# snow moving with a kubota L-2550



## sits in trees (Jul 2, 2007)

hi folks i was wondering what the best/economical way there was to remove snow from my 700 ft gravel driveway. i have a kubota L-2550 with a bucket loader, should the bucket be good enough or is there a blade i can attach right to the bucket which wont cost me 2 thousand bucks, like the curtis blade attachment. or can i effectively plow snow with a rear drag blade attached to my 3 piont, and if so how much need i spend for a rear blade and what size, and were is the best place to purchase. i am a newbie to this site and apologize for busting in here with a million questions, but want to thank any body for any help in advance.


----------



## sits in trees (Jul 2, 2007)

ttt


----------



## sits in trees (Jul 2, 2007)

any boby out there?


----------



## sits in trees (Jul 2, 2007)

and why does everything everybody post's here get butchered???with***** *****


----------



## sits in trees (Jul 2, 2007)

man this site blows!


----------



## mla2ofus (Nov 5, 2006)

Don't know where you live or how much total snowpack you get,but for a 700' driveway I'd spend my money on an old 3/4 ton 4WD P/U w/ a good power angle snowplow. Only use the loader for tight areas the plow can't get into or pushing snowbanks back if needed. Which is more comfortable,a nice heated P/U cab or an open tractor???
JMHO,
Mike


----------



## Simpleprestige (Apr 20, 2007)

We have a quarter of a mile driveway and it is all hills. The first winter we lived here, we had a guy plow the whole thing for $300. If we got more than an inch of snow, he would be there before 4 in the morning. Last winter, we had a 4-wheeler and I used that to plow along with the plow guy and it worked out pretty well because I was able to get the job done when I wanted it done as he was very busy. Now we have a JD 3520 w/ loader and back blade. I can't wait for winter. 

I don't mind the cold, so I enjoy it out there playing on my equipment, but if it is that big a deal, find a local farmer who has a plow truck.


----------



## Live Oak (Dec 22, 2003)

> _Originally posted by sits in trees _
> *and why does everything everybody post's here get butchered???with***** ***** *


My apologies for the ********'s. Until recently, we were having a horrible problem with spammers posting vulgar and other unwanted material. I have been fine tunning the censor filter to keep out the bad and allow the good. We do our best to keep this a family rated website so all can enjoy it. Please bare with us and I appreciate your understanding and support. 

Randy


----------



## JDFANATIC (Dec 28, 2005)

I think sits in trees is more ticked off after no responses for nearly two months. When I come here I just use the new threads and posts search, and I never saw this one either, so maybe our software was the culprit. 

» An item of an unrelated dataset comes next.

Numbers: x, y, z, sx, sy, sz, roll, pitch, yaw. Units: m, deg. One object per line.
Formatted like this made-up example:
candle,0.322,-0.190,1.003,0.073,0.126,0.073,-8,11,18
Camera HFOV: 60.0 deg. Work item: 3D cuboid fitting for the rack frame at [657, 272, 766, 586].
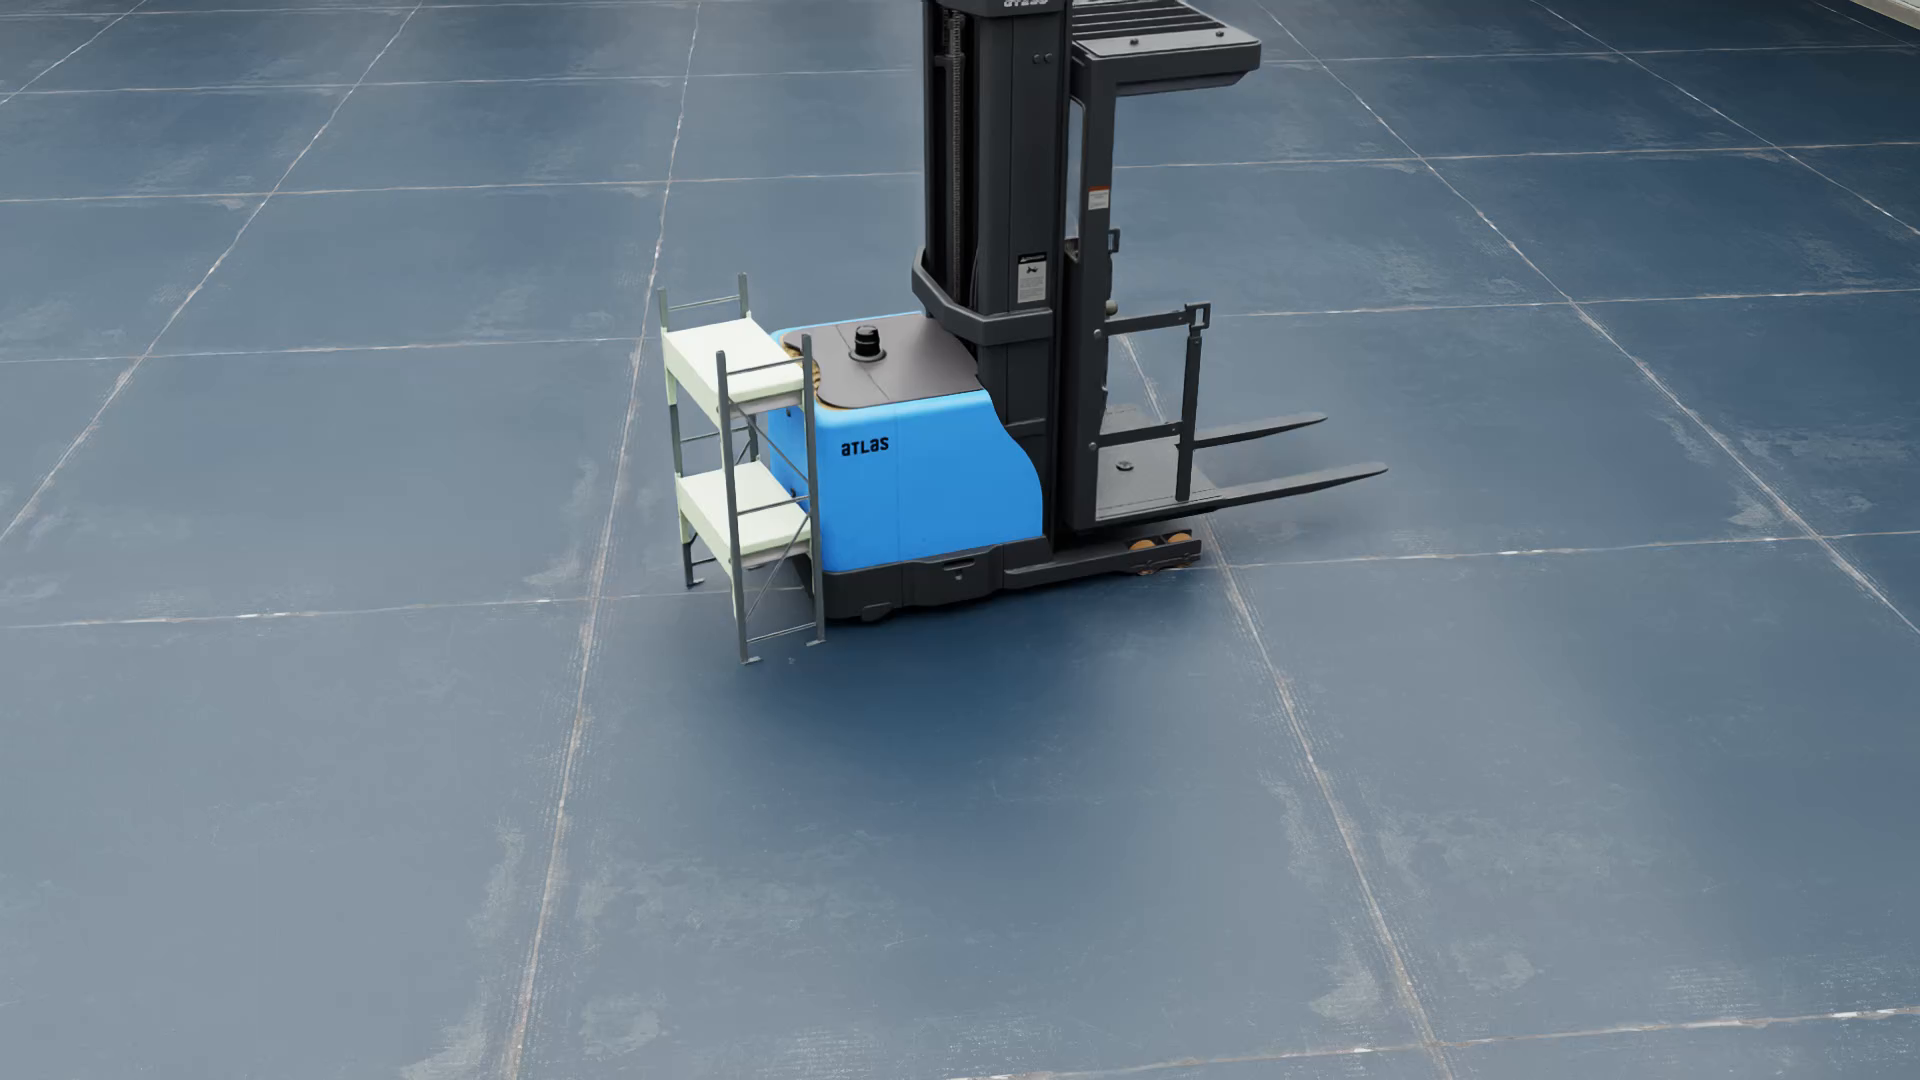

Mike's advice to the OP was good; I'd get pretty tired of removing snow with my FEL. A blower and cab go a long way though!


----------



## sits in trees (Jul 2, 2007)

hey fellas, thanks for the great replies......


----------



## JDFANATIC (Dec 28, 2005)

sits in trees,

Though I haven't used this combo myself, I have heard from others that use a backblade and a FEL for snow removal with great success. I'm not sure that would be a good combo here in the northeast where we're liable to get a heavy, wet, 24", snowfall from a single storm. My neighbor and I share a drive a bit longer than you describe, and though we paved it after ~ 15 years, his plow (on a JD318) can't keep up with my JD425/blower, and is nowhere close to my JD2210/blower/cab combo.

Where in the US are you moving the white stuff?


----------



## Live Oak (Dec 22, 2003)

sits in trees, please accept my apologies for the intial non-replies. I try to answer as many posts as I can. Not sure what happened here but your post definitely slipped by me.

I have ZERO experience with snow removal due to my location so far south. We are lucky if we see a few flurries or much frost so I will defer to the member's experience above.


----------



## Lamar Holland (Dec 28, 2005)

It really depends one where sits in trees lives,,, A little snow, a lot of snow? You don't say the area so it is hard to give an honest answer,, Look at my avatar and you see the L 48, which I use a 7 1/2 ft power angle Diamond plow. My driveway is just over 1600 ft long, Use to do it with a FEL. Found an old rotting 7' blade, welded tabs in the bucket then used this, all prior to having the machine I have now... A FEl and blade or box blade would not work in my situation


----------